What you are asked to do => Could you return all of the entries word for word, minus any pictures?

Stored records =>
Start of Block
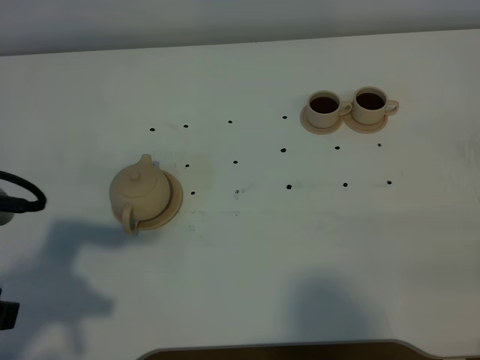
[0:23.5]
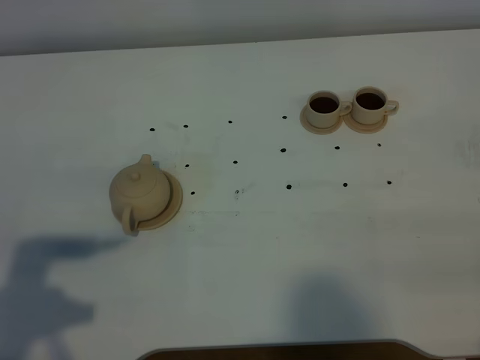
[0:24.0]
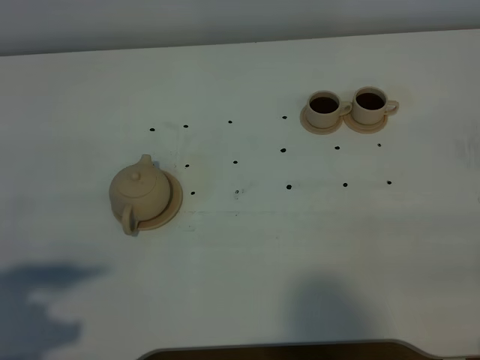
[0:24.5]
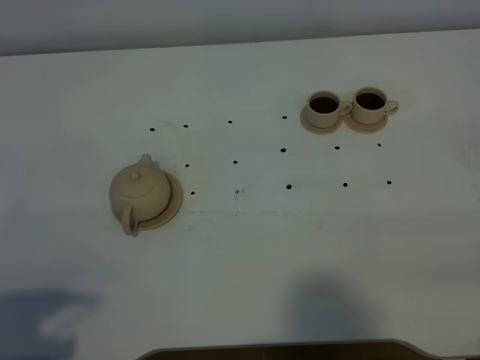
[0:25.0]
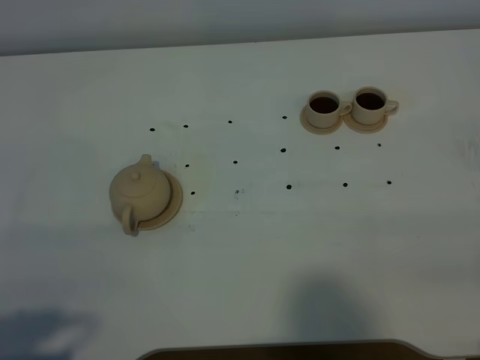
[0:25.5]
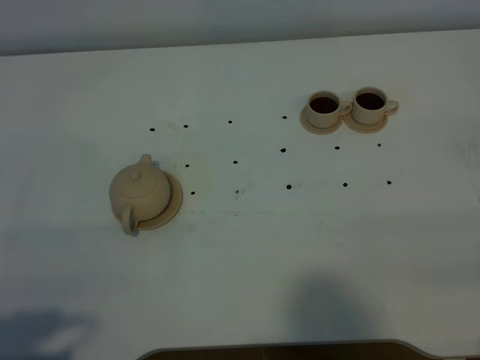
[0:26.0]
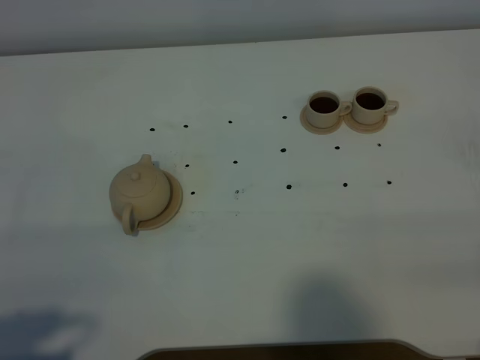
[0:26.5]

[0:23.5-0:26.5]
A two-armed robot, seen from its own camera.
Task of the whole recording: grasp the brown teapot and pour the tea into the two brown teacups one by one, put the brown teapot back in its original place.
0:23.5 to 0:25.0: The left gripper is displaced backward by some 10 cm.
End of Block
Task output =>
[0:23.5]
[0:24.0]
[0:24.5]
[0:25.0]
[0:25.5]
[0:26.0]
[0:26.5]

[0:23.5-0:26.5]
A two-armed robot, seen from its own camera.
Task of the whole recording: grasp the brown teapot and pour the tea into the two brown teacups one by one, put the brown teapot back in its original place.
0:23.5 to 0:25.0: The left gripper is displaced backward by some 10 cm.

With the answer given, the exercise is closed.